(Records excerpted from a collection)
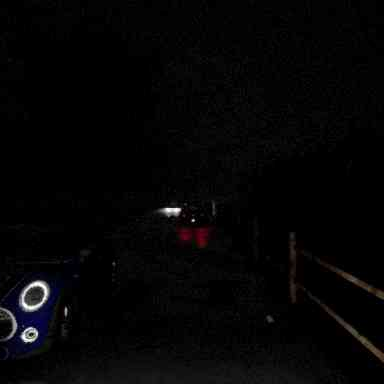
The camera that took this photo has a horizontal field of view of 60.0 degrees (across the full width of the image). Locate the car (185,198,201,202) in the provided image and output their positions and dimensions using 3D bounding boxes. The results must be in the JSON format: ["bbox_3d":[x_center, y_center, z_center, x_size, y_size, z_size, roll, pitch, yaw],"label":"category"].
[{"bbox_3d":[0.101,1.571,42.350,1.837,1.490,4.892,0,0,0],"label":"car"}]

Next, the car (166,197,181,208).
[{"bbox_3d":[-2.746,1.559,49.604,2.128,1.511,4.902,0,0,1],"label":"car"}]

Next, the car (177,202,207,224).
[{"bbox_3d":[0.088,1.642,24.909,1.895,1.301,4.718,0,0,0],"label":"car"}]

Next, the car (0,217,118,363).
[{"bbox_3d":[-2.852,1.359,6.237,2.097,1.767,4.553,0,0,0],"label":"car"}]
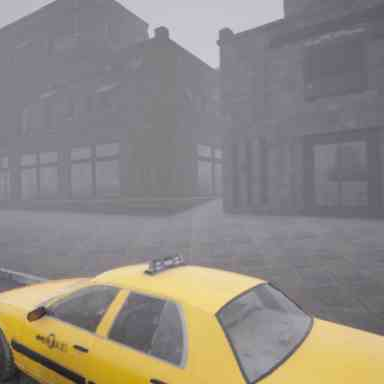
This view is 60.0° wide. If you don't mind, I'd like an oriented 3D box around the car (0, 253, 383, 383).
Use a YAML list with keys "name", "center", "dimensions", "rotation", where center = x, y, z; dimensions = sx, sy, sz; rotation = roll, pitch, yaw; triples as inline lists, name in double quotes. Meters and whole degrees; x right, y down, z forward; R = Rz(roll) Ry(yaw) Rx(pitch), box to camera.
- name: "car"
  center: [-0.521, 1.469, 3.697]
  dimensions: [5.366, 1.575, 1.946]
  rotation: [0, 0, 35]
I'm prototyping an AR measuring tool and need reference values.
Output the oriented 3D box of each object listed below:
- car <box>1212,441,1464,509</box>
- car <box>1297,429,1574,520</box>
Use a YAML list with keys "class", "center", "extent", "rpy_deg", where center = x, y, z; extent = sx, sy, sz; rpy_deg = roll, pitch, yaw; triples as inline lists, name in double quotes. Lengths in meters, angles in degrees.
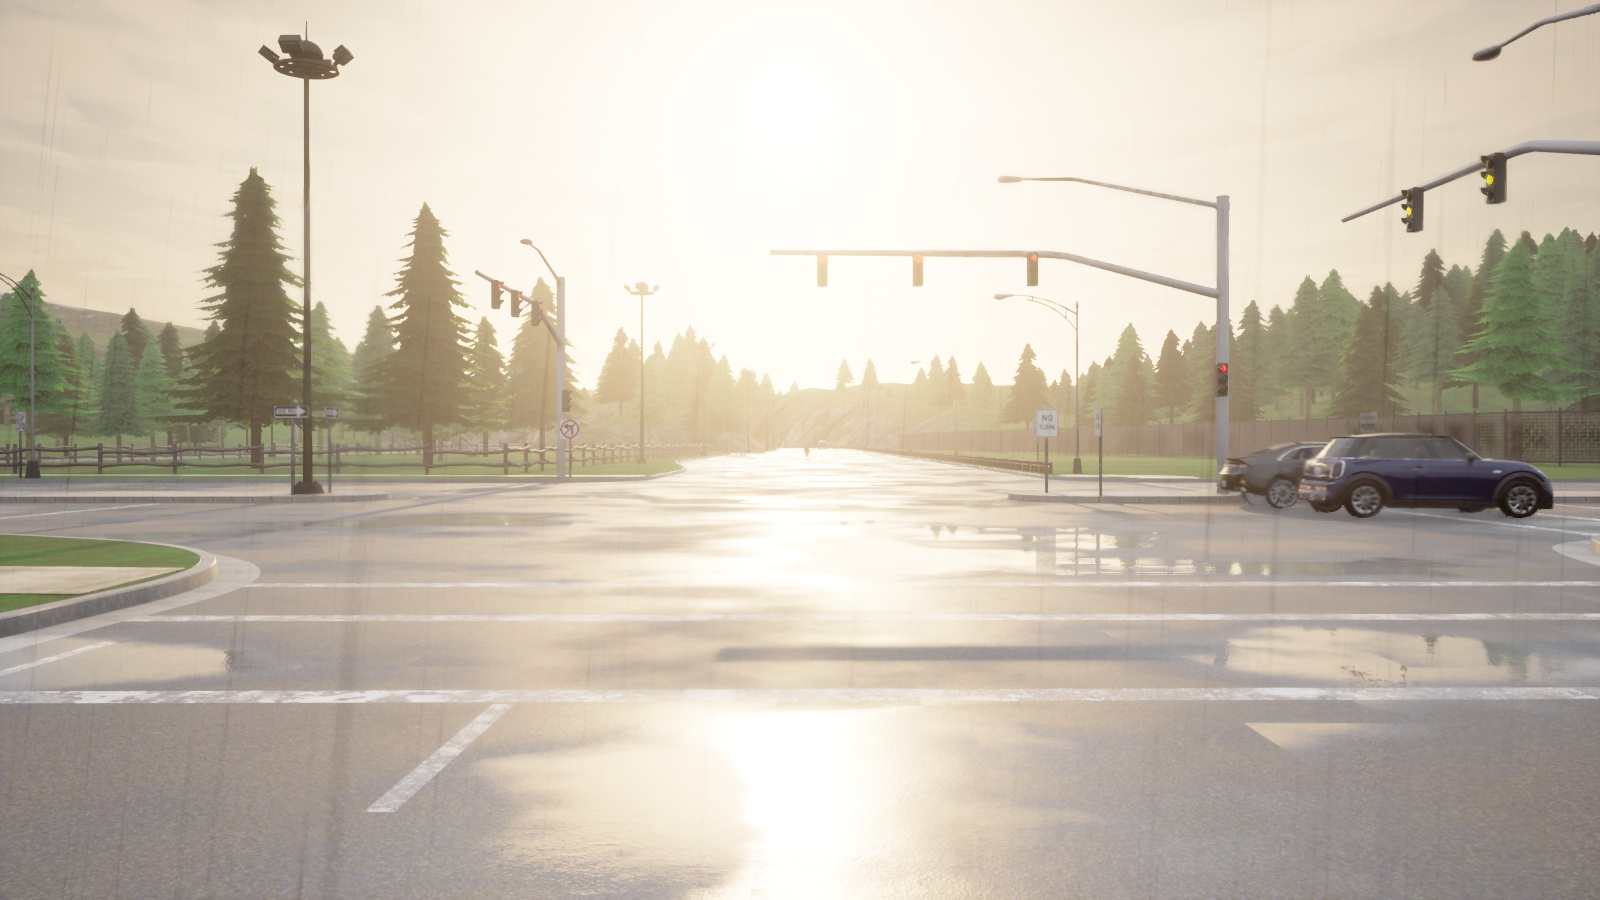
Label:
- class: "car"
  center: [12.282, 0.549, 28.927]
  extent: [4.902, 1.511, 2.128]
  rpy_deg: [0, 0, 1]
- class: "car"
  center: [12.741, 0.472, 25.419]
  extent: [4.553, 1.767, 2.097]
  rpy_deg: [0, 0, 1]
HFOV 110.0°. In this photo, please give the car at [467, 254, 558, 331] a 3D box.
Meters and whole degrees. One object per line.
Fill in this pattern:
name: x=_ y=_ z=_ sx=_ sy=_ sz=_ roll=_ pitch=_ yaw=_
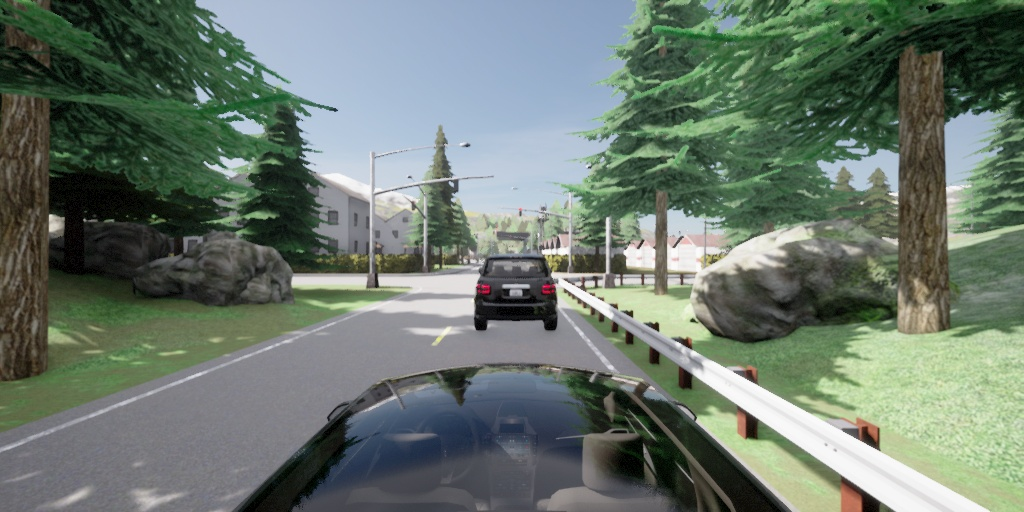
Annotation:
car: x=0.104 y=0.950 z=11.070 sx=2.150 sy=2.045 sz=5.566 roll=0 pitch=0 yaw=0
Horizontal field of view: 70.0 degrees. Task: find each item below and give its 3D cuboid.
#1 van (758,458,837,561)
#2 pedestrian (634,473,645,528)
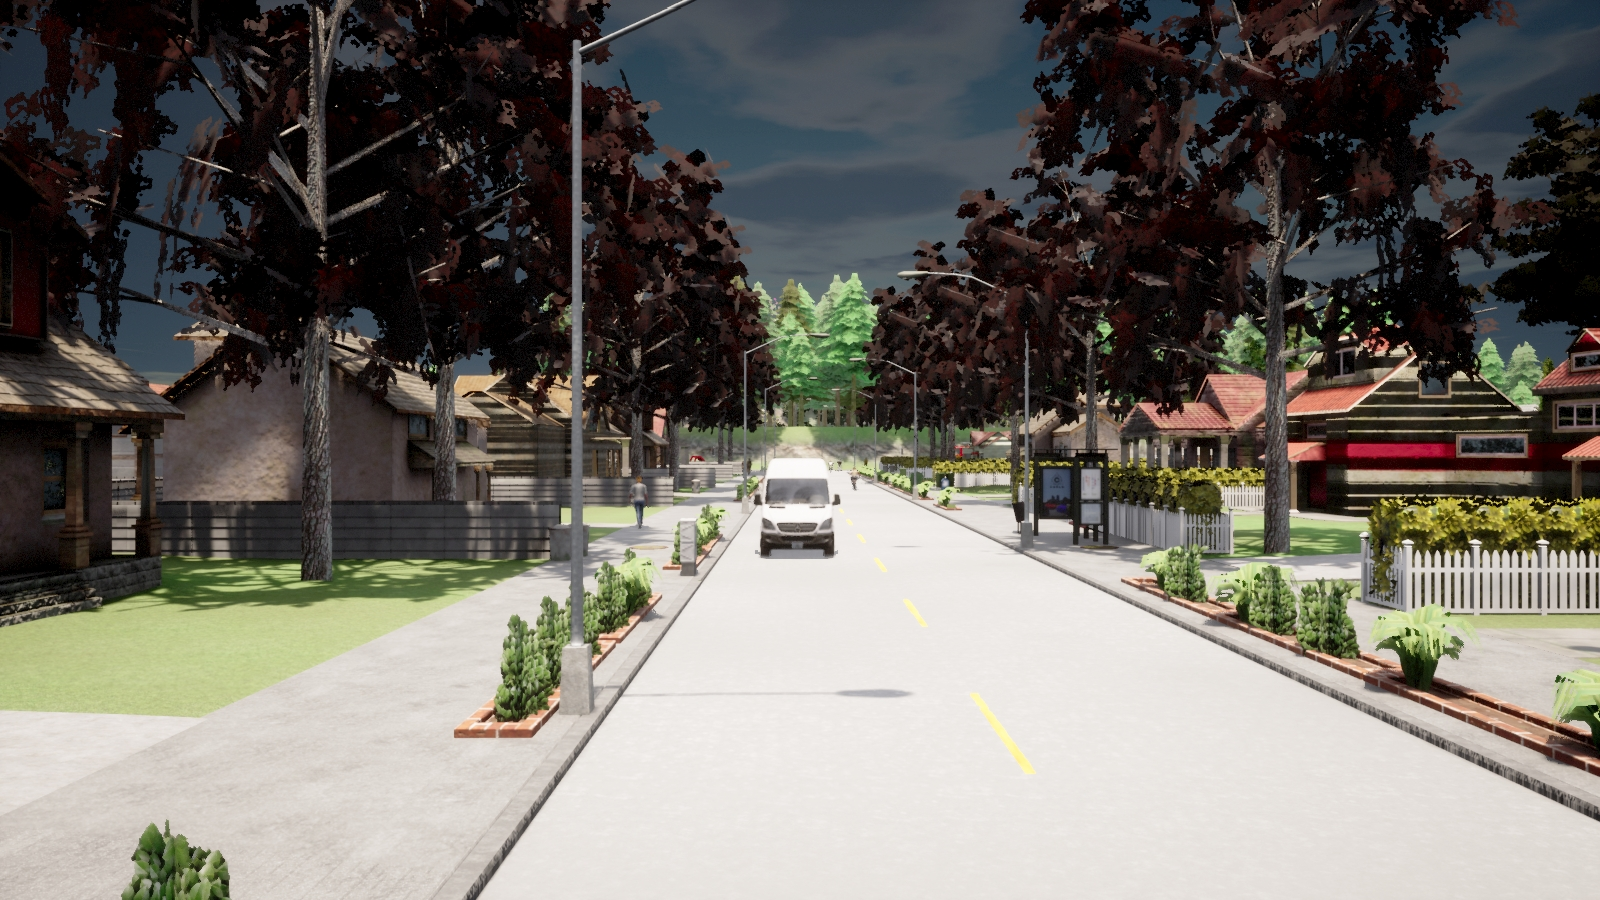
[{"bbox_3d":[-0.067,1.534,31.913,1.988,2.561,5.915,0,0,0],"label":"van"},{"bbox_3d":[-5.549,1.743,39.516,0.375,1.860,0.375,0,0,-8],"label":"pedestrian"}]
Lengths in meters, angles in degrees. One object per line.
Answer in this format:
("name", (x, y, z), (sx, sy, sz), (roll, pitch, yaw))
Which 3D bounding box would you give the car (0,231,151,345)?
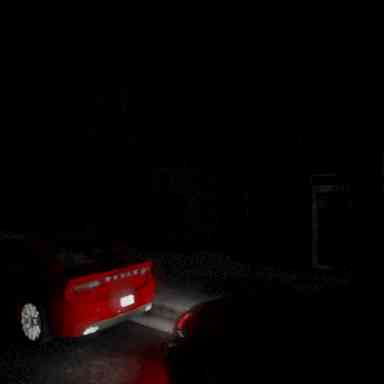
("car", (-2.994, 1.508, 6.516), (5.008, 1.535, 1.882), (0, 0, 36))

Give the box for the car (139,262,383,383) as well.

Problem description: Whenever the word "object" shows up in a line of the entries, list that line.

Finished task:
Output the oriented 3D box of each object listed below:
Meters and whole degrees. One object per line.
Lengths in meters, angles in degrees. One object per line.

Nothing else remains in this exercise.